Distorted Humor won eight races, five of them stakes, and earned $769,964, but he never won beyond a mile. Although there are distance horses in his family, Distorted Humor’s reputation as little more than a sprinter might have contributed to Funny Cide bringing only $22,000 when he was sold as a yearling at an auction of New York-breds. The average horse at the sale was sold for $43,378. Doug Cauthen thought that Funny Cide, whose pedigree on his dam’s side is better at spelling distance, would have brought at least double his sale price, although he was then a ridgling, a horse with one testicle undescended.

It’s not uncommon to castrate ridglings, ridding them of any discomfort, and that’s what Tony Everard did. Everard, who bought Funny Cide for $22,000, is a Florida pinhooker, a horseman who buys horses with the intention of quickly reselling them, before they race, at a profit. In the case of Funny Cide, trainer Barclay Tagg and his 10 owners came along and paid $75,000 for him as a 2-year-old. Now Funny Cide’s earnings, counting a $5-million Triple Crown bonus, would clear the $7-million mark if he wins the Belmont.

It seems like everybody made out, in wildly varying degrees. Unsung, however, are Rich Decker and John Prather. They were instrumental in the breeding of Distorted Humor to Belle’s Good Cide, an Oklahoma-bred daughter of Slewacide who was sold as a yearling for $2,800 and won only two of 26 starts, earning $26,696.

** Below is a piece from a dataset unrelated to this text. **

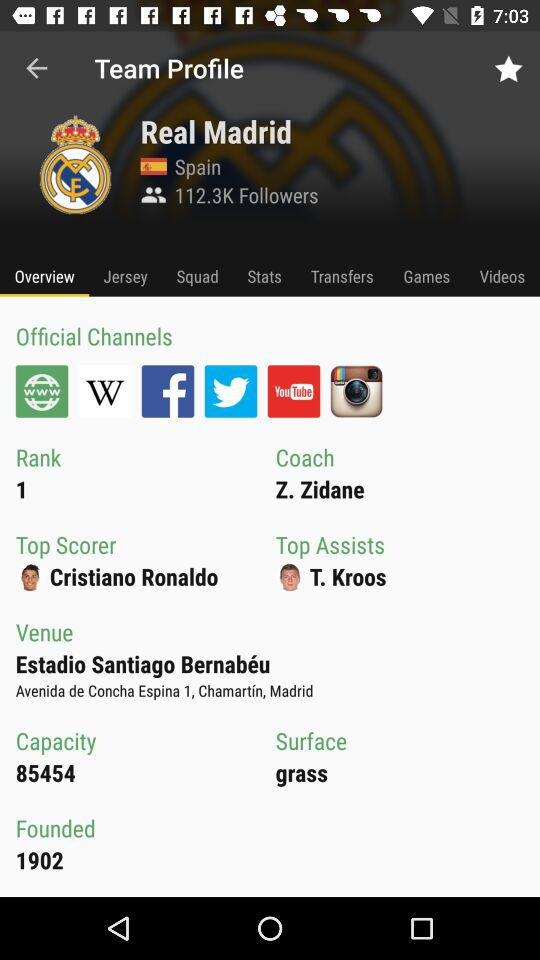Where is the venue? The venue is Estadio Santiago Bernabéu Avenida de Concha Espina 1, Chamartín, Madrid.

“John Prather is a Kentucky pedigree guru,” Doug Cauthen said. “But give all the credit to him and Rich Decker.”

Before there was a WinStar, before Bill Casner and Kenny Troutt bought Prestonwood Farm in 2000 and changed its name, Decker was the general manager for the three Preston brothers here. After Casner and Troutt took over and hired Cauthen, and after the three of them inherited Belle’s Good Cide in foal to Distorted Humor, Decker moved on to California, where he’s employed by the Vessels Stallion Farm.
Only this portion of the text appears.